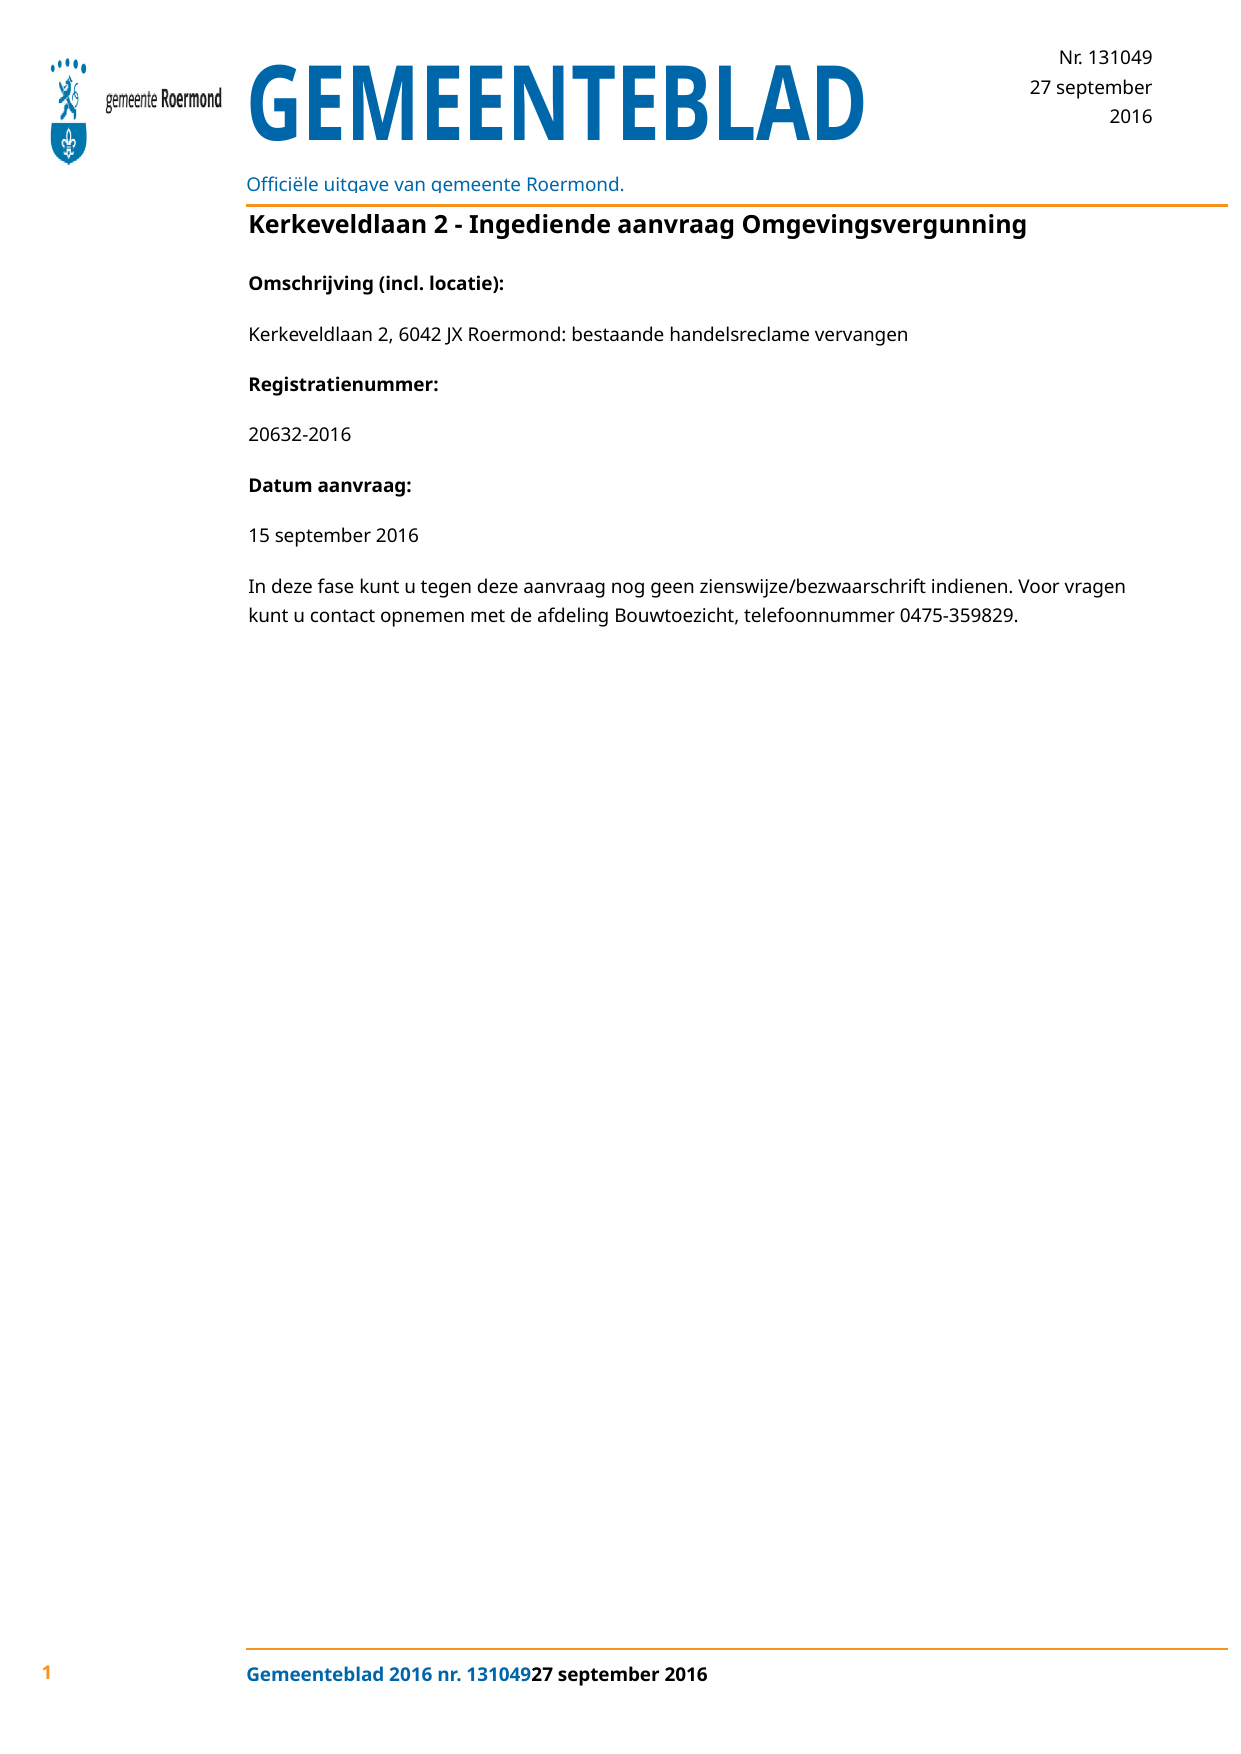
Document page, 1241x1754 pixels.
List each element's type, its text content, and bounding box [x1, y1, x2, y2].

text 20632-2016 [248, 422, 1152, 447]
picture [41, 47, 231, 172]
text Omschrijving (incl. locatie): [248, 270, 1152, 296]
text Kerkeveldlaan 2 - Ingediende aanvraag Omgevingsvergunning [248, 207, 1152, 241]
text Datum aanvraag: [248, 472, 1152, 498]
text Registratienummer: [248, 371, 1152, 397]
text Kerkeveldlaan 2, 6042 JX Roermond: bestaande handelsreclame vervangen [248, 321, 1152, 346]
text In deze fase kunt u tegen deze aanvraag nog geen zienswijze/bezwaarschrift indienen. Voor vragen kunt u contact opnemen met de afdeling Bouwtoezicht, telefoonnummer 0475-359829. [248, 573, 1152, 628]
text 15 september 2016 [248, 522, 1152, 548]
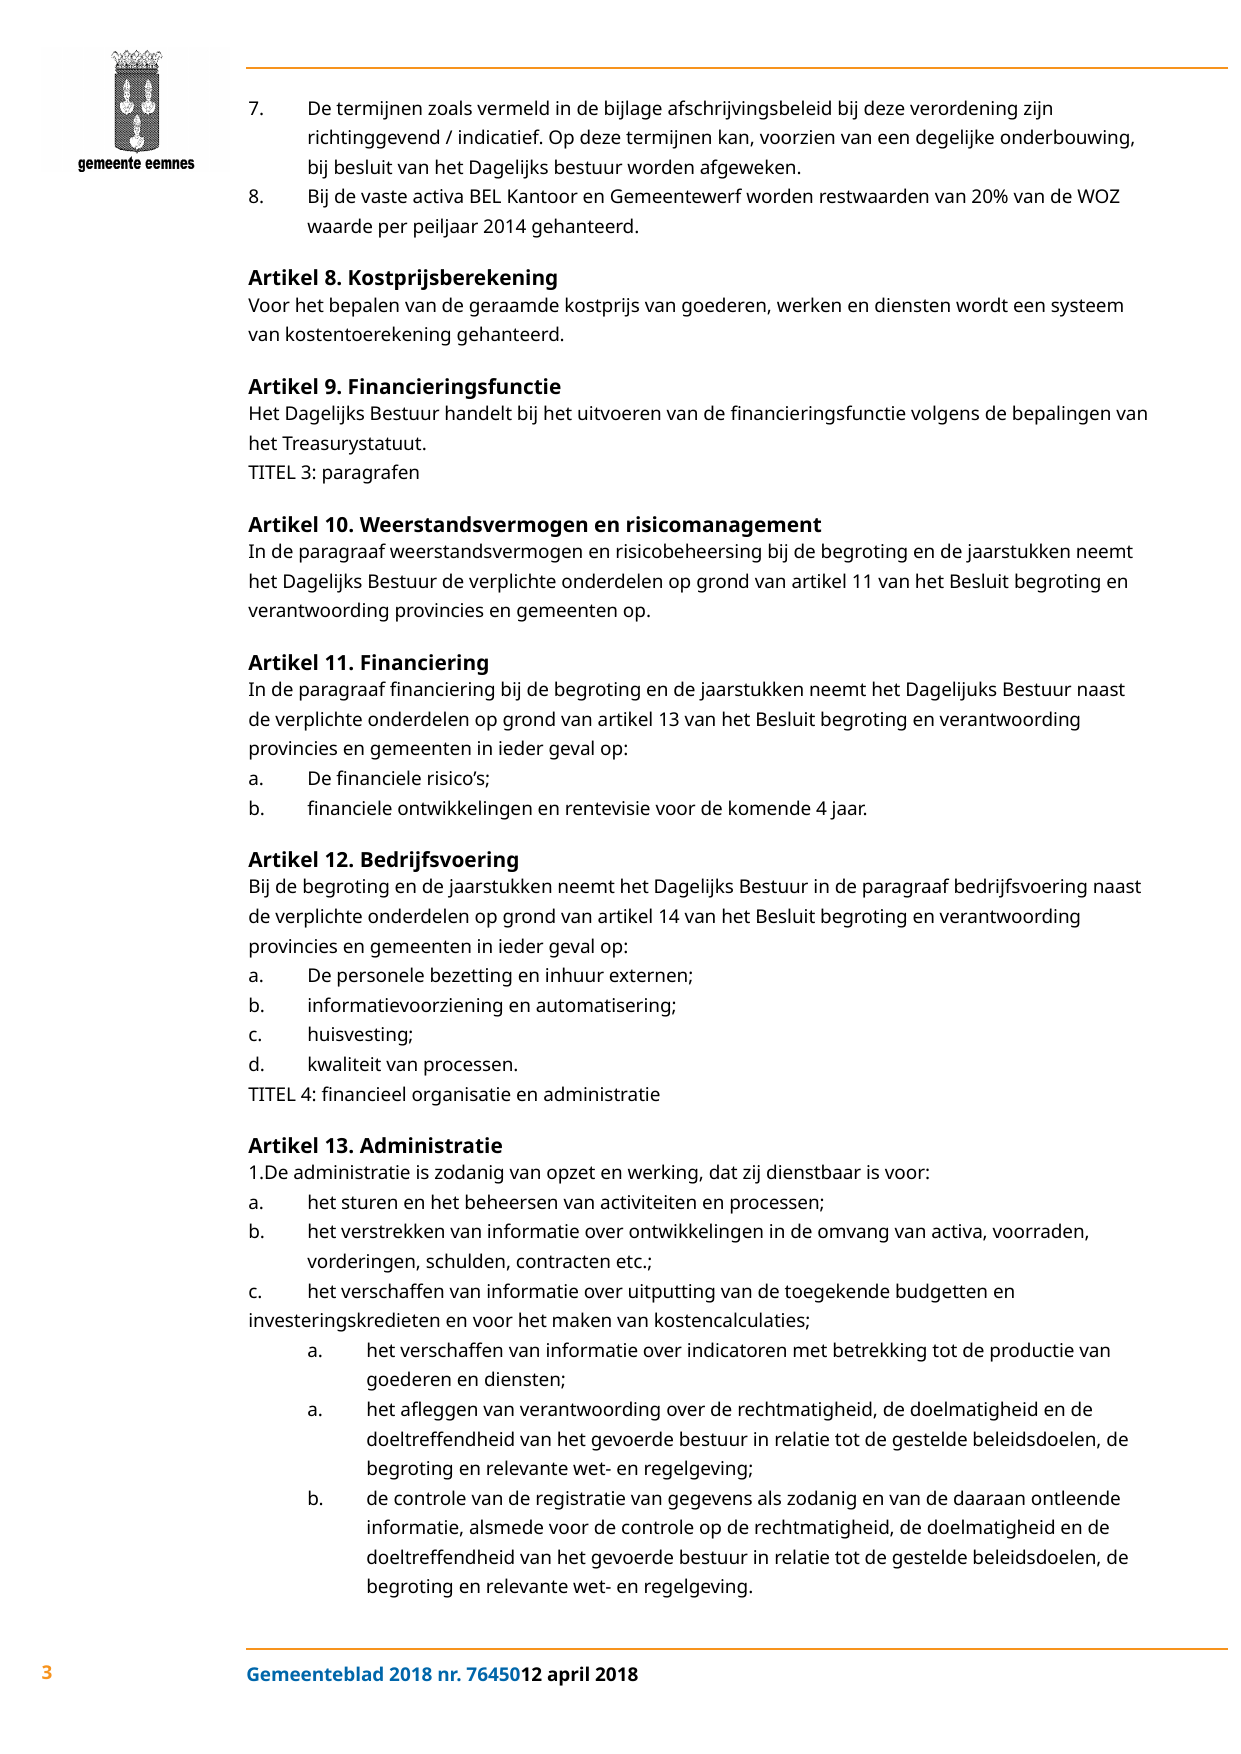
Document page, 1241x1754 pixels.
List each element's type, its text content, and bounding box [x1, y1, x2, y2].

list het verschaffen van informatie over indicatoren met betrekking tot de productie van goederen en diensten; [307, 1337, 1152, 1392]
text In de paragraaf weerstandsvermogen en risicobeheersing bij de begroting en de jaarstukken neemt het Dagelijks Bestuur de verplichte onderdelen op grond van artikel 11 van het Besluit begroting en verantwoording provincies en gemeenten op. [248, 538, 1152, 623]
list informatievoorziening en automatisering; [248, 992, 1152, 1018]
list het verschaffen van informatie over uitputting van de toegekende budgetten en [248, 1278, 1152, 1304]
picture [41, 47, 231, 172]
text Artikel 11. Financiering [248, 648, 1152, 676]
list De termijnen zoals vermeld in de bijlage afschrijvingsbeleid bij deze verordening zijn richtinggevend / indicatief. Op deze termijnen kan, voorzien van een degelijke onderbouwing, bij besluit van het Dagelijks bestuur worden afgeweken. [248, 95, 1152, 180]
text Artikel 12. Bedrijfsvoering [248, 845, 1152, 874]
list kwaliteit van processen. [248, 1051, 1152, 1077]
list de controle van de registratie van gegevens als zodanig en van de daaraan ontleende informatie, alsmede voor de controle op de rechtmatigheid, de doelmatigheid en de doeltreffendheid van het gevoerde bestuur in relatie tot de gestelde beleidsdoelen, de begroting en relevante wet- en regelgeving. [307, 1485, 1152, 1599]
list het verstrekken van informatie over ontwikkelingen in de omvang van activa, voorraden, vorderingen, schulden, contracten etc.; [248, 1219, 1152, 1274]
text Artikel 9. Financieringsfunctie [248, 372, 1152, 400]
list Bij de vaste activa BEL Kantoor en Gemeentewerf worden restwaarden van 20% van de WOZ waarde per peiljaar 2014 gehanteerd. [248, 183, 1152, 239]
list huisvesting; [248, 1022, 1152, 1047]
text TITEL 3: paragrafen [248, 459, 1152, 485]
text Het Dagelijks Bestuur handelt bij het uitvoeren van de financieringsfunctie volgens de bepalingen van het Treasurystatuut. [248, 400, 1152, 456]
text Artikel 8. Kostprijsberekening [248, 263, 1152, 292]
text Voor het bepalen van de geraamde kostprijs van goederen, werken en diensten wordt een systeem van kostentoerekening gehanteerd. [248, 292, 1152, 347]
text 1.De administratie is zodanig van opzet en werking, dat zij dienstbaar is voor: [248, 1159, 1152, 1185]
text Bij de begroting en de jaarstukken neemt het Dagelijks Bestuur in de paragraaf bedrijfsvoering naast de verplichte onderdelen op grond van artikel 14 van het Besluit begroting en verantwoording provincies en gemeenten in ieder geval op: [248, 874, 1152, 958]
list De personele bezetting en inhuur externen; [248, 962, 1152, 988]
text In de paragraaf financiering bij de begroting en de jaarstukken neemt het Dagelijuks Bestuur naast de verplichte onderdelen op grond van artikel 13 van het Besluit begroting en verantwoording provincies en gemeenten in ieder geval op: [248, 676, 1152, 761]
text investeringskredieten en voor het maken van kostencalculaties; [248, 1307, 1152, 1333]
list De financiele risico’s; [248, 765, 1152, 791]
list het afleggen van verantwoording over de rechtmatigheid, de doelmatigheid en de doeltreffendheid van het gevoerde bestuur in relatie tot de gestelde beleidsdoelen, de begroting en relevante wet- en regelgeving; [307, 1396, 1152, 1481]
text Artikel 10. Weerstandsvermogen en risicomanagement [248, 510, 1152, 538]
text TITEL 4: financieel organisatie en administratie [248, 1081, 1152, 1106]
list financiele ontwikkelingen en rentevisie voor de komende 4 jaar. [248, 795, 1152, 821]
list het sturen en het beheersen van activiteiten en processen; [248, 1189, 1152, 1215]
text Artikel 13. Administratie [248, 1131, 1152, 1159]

WORK TO BE COMPLETED
Gather up every line from the listing above in which the word "relatie" occurs.

EXERCISE OUTPUT
list de controle van de registratie van gegevens als zodanig en van de daaraan ontleende informatie, alsmede voor de controle op de rechtmatigheid, de doelmatigheid en de doeltreffendheid van het gevoerde bestuur in relatie tot de gestelde beleidsdoelen, de begroting en relevante wet- en regelgeving. [307, 1485, 1152, 1599]
list het afleggen van verantwoording over de rechtmatigheid, de doelmatigheid en de doeltreffendheid van het gevoerde bestuur in relatie tot de gestelde beleidsdoelen, de begroting en relevante wet- en regelgeving; [307, 1396, 1152, 1481]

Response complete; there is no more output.